People with PTSD can be re-traumatized by people who do not understand, and by people who are more concerned with their own agenda than really understanding.

When someone with PTSD has certain triggers, and explains those triggers to someone, it is important that they are validated and respected. If someone wants to care about a loved one with PTSD, they need to really listen to that person, when they talk about what triggers them.

*A person that intentionally uses your triggers against you is dangerous to your mental well being.

But then there are people who just don’t want to listen to or respect your boundaries. Your perceptions are not of an significance to them.

Everyone has personal boundaries, but people with post traumatic stress disorder can suffer severe re-traumatization when a loved one does not honor their trigger boundaries.

The fight-or-flight mode is activated by the amygdala. If the brain perceives a threat, even if that threat is not real, the amygdala will send chemicals into the body like adrenaline and cortisol.

 The feeling in the body of a “perceived threat” and a real threat is exactly the same. The same physiological responses occur, including blood pressure elevation, and feeling of extreme fear and the feeling that you have to act right away.




Once you have asked someone not to do certain things which trigger you, it is a terrible feeling when they still continue to do them. It feels very violating, and only serves to break the trust bond.

Relationships need to be based in trust. Intimate relationships, as well as friendships and family relationships have to feel safe. If one person does not feel safe, then there is a lack of understanding and a lack of trust.

Without both parties feeling safe, the relationship will break down. People with PTSD can find it difficult to trust again, after others have invalidated them about their symptoms.

Sometimes someone will disbelieve you, minimize your trauma, or accuse you of trying to manipulate them with your explanations about your trauma and your triggers. This is very painful and re-traumatizing.

People who have PTSD or C-PTSD from abuse were invalidated as part of the abuse process. Their emotions were minimized, disregarded and made fun of.

To have someone close to you minimize your PTSD, or disbelieve you is re-traumatizing. It gives  the victim into an emotional flashbacks or actual sensory flashbacks.

You can only tolerate being traumatized and re-traumatized so many times.



People with PTSD need understanding and validation.

They need their loved ones to be sensitive to their triggers, and to pay attention to what the person asks and needs.

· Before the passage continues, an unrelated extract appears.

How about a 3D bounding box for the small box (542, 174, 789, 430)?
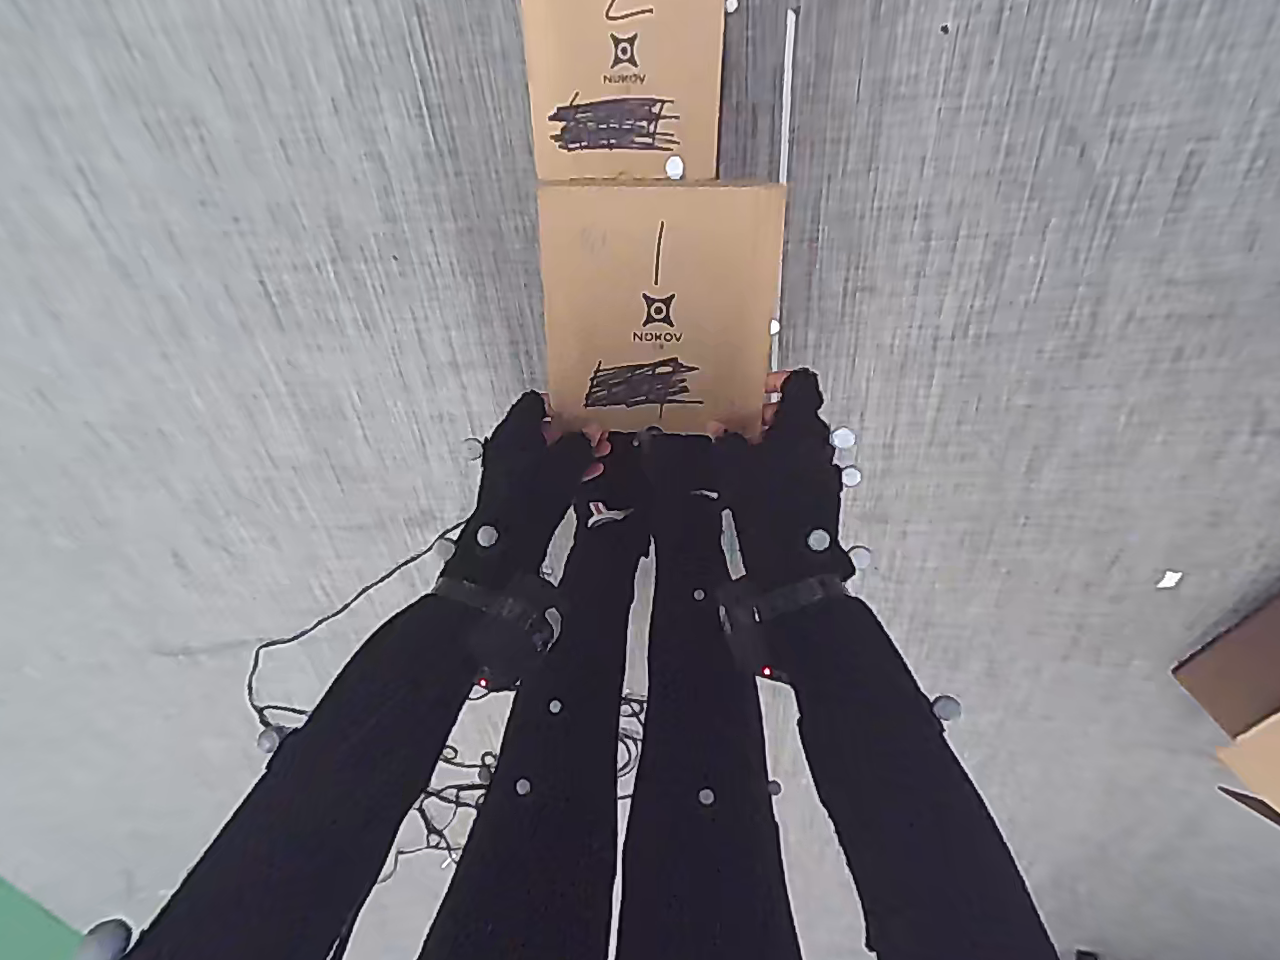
[{"bbox_3d":[0.022,-0.159,0.463,0.168,0.176,0.179,3,120,4],"label":"small box"}]

Otherwise. the relationships cannot continue in a way that is safe for the PTSD sufferer. The person with PTSD will shut down and crawl inside of themselves. No healthy relationship can be sustained without safety for both people.

1 comment:

  1. I'm not suffering from PTSD but I found myself having to set some big boundaries between my siblings and cousins. My siblings somehow came to believe they could make self-righteous judgments on how I ran my life. Even when their own lives were not far from falling into the nearest crapper.

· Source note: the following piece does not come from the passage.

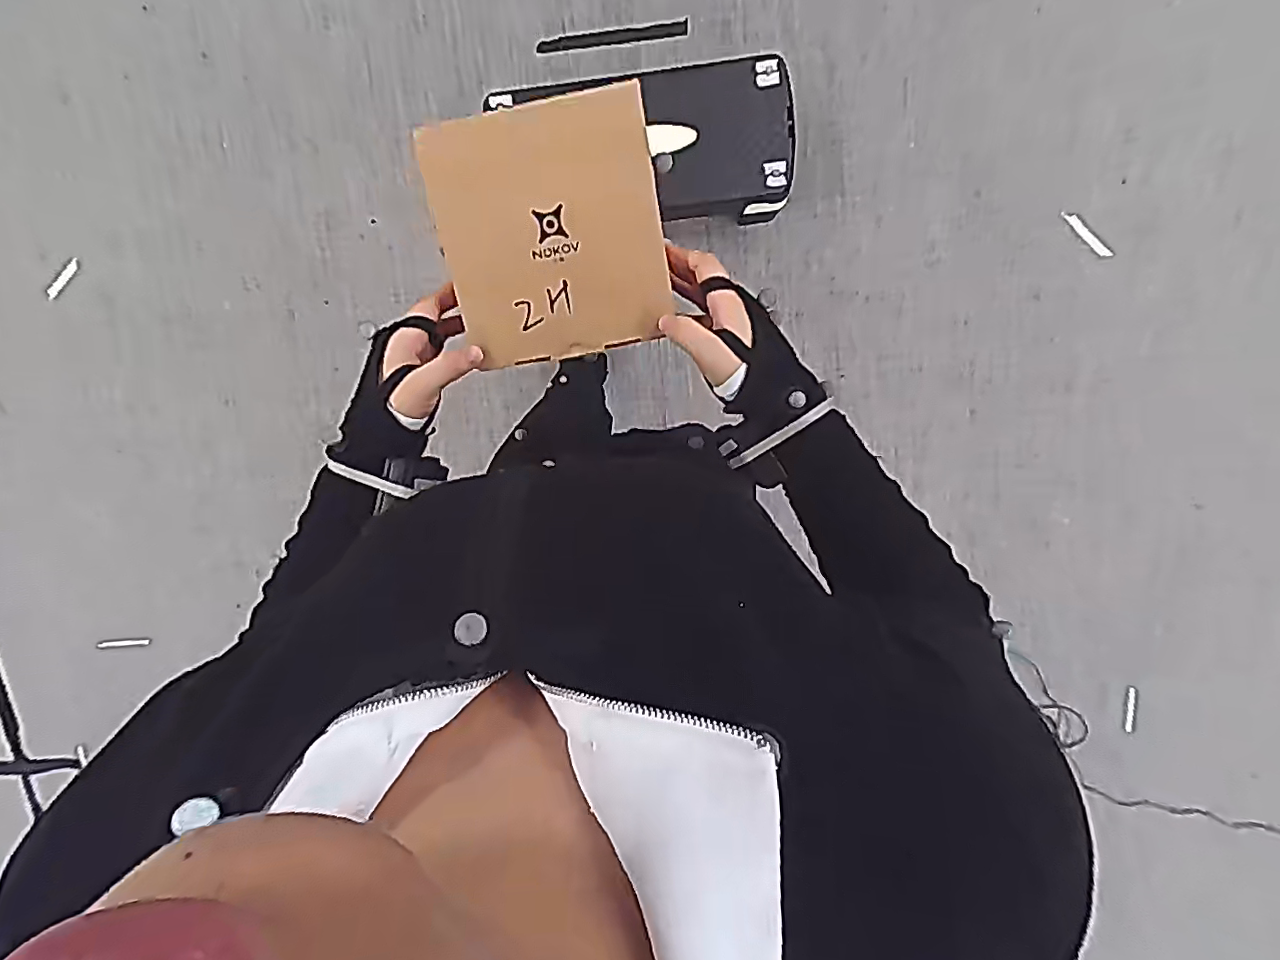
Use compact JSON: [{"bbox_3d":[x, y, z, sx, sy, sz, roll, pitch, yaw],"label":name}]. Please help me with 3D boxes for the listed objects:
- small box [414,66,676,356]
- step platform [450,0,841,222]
[{"bbox_3d":[-0.066,-0.214,0.474,0.168,0.176,0.179,-9,108,3],"label":"small box"},{"bbox_3d":[0.008,-0.662,1.034,0.684,0.204,0.286,-6,100,1],"label":"step platform"}]

    As for my cousins, they were fine with me as long as I went along with everything they said, especially their viewpoints on something as "trivial" as politics. Then there was one cousin in particular who married a girl from Russia who lives permanently over here in America but has kept her Russian citizenship. He got very weird one night talking about his admiration, a bromance actually, of Vlad Putin. Given certain other slightly off putting incidents I almost called the FBI on his ass.